States remain firmly in control of election administration, and states vary widely in timing votes, deciding where votes can be cast, permitting votes to be cast early or other than in-person, handling votes cast overseas or in advance, recording votes, counting votes, and reporting votes.

And states also vary widely — and frighteningly — in their attitudes toward cyber attacks by foreign intelligence organizations, by digital criminals, and by thrill-seeking Internet trolls. Deterring such attacks is difficult, and retaliating against them is dicey. Our 2016 experience and our ongoing observations show many states, Maryland fortunately an exception, either uninterested in election security or ineffective at mitigating the dangers they do expect to face.

Familiar risks — storms, earthquakes, fires, riots, fraud — have strained past votes, and our new cyber risk, most dangerous where least feared, will surely strain the coming vote, but no stress prior to our current coronavirus pandemic has created, in every state simultaneously, a conflict between exercising the electoral franchise and staying healthy. Directly ahead in COVID-19’s policy-forcing path and already immunocompromised by pre-existing conditions, lies ELECTION-20.

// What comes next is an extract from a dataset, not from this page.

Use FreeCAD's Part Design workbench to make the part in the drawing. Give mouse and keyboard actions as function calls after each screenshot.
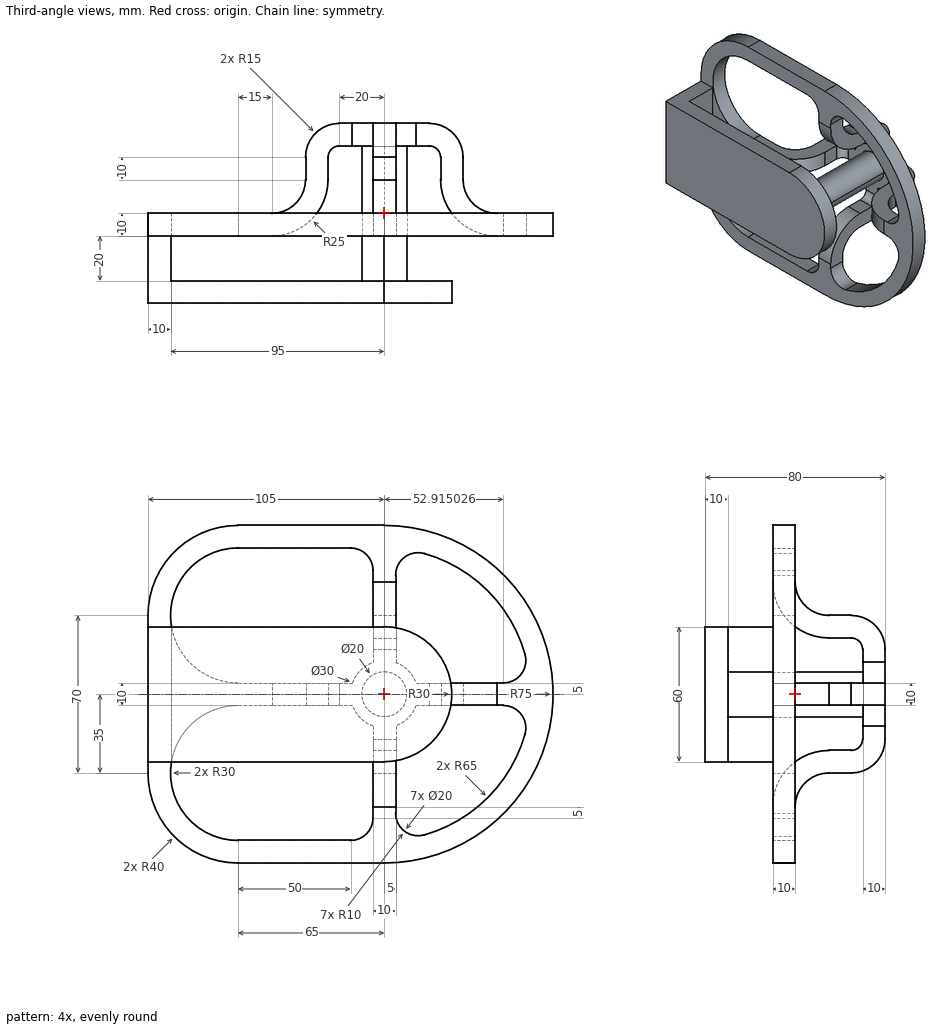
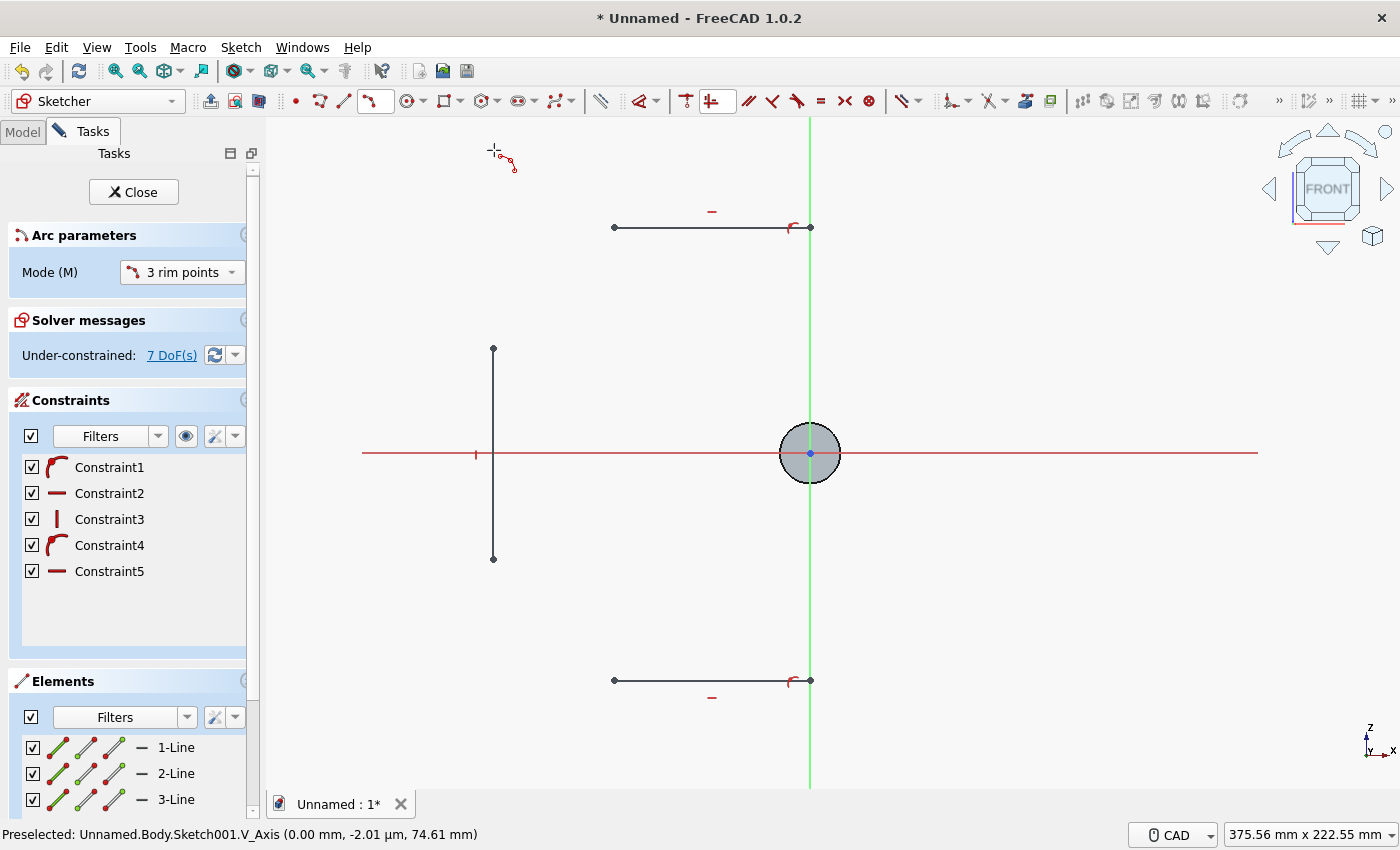
click(614, 681)
click(493, 560)
click(528, 644)

The difference a virus makes

The earliest COVID-19 infections breaking into the general population in China in December 2019 had been acquired in November 2019. Since most COVID-19 infections are mild and easily mistaken for other diseases, circulation may have begun even earlier than that. Here’s why that’s important.

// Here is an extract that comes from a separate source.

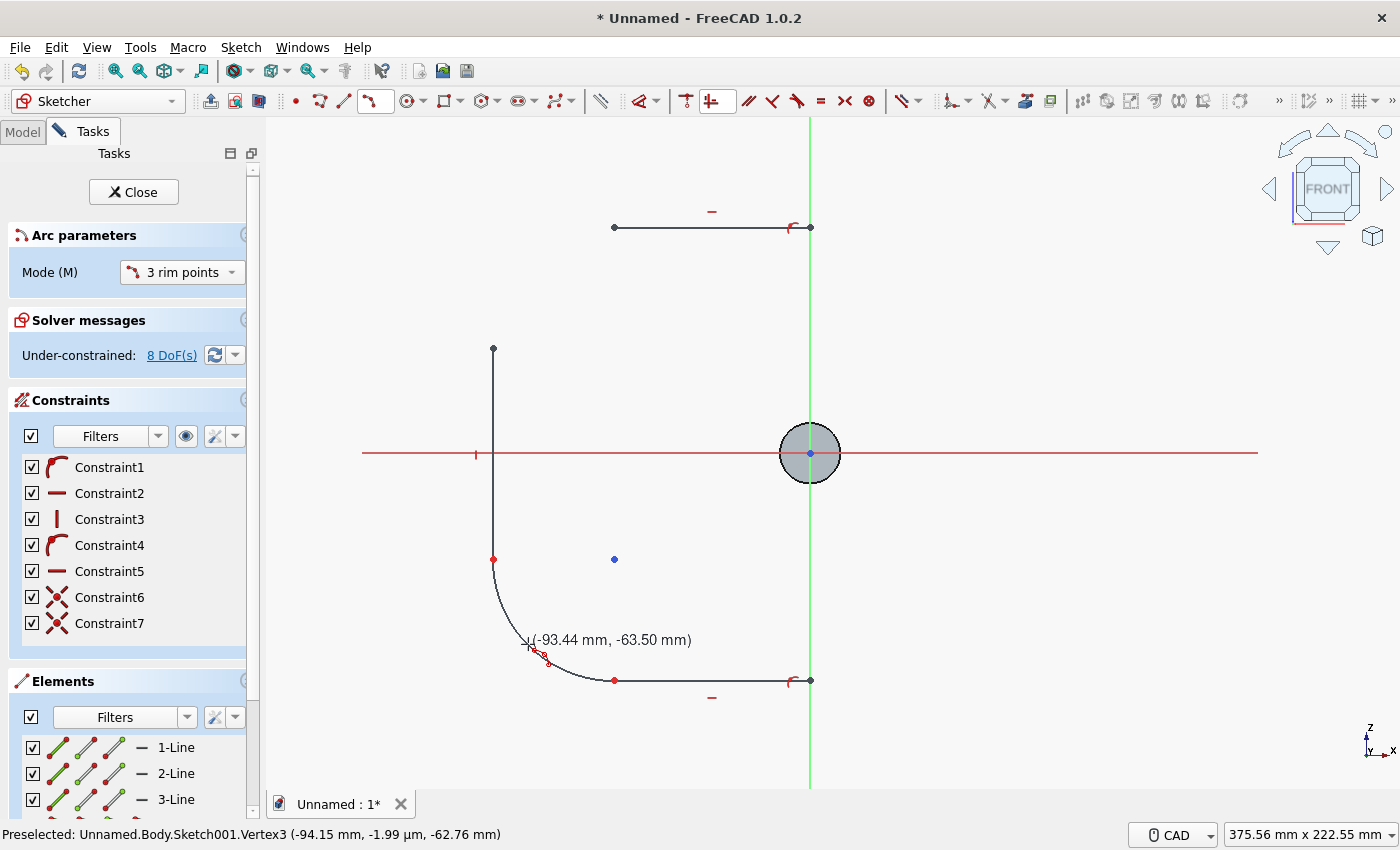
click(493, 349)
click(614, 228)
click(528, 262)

By October 2020 our novel coronavirus will be — where? Present and circulating? Gone for good? Seemingly gone but soon to surge? No telling. Will we have one or more effective anti-viral drugs? Maybe. Will any anti-viral be shown by then to prevent COVID-19? Highly unlikely. Will we have one or more promising vaccines in human trials? Yes, we already do, but no vaccine will be available outside clinical investigations.

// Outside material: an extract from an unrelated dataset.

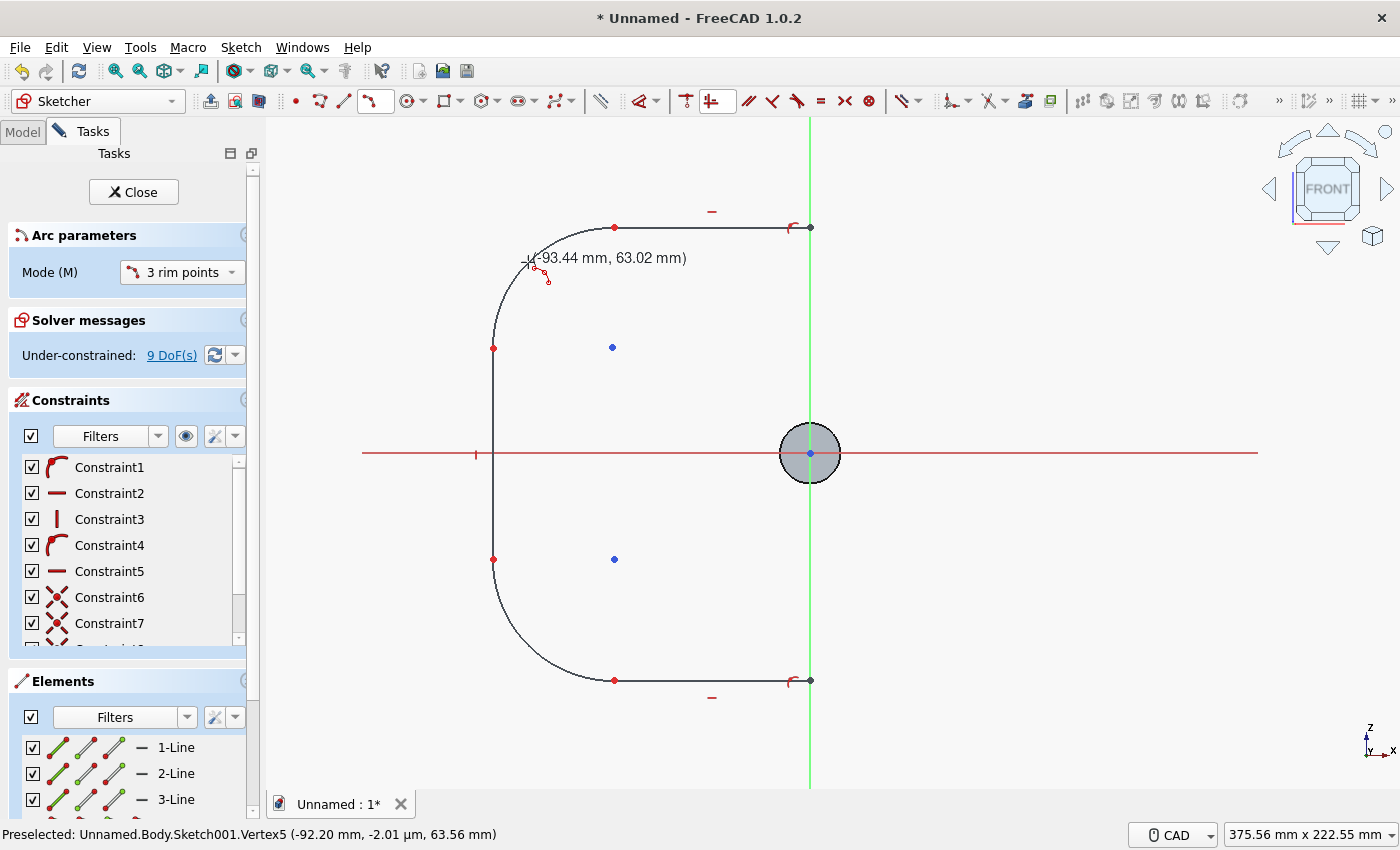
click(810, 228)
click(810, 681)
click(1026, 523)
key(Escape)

Assembling large numbers of people in small spaces always entails infectious risks, but rarely in the modern era a risk as consequential as now. Standing 6 feet apart we’ve just learned is too close; airborne spread of SARS-CoV-2 has been documented at 4 meters — more than 13 feet — and even farther than that. And standing in line for long periods, as is common at polling stations, would compound the problem, especially if lines wrap around, as we see in airport security queues. And what about using a marker or a touchscreen? Or touching any surface touched by everyone? Sterile wipes would greatly outnumber ballots.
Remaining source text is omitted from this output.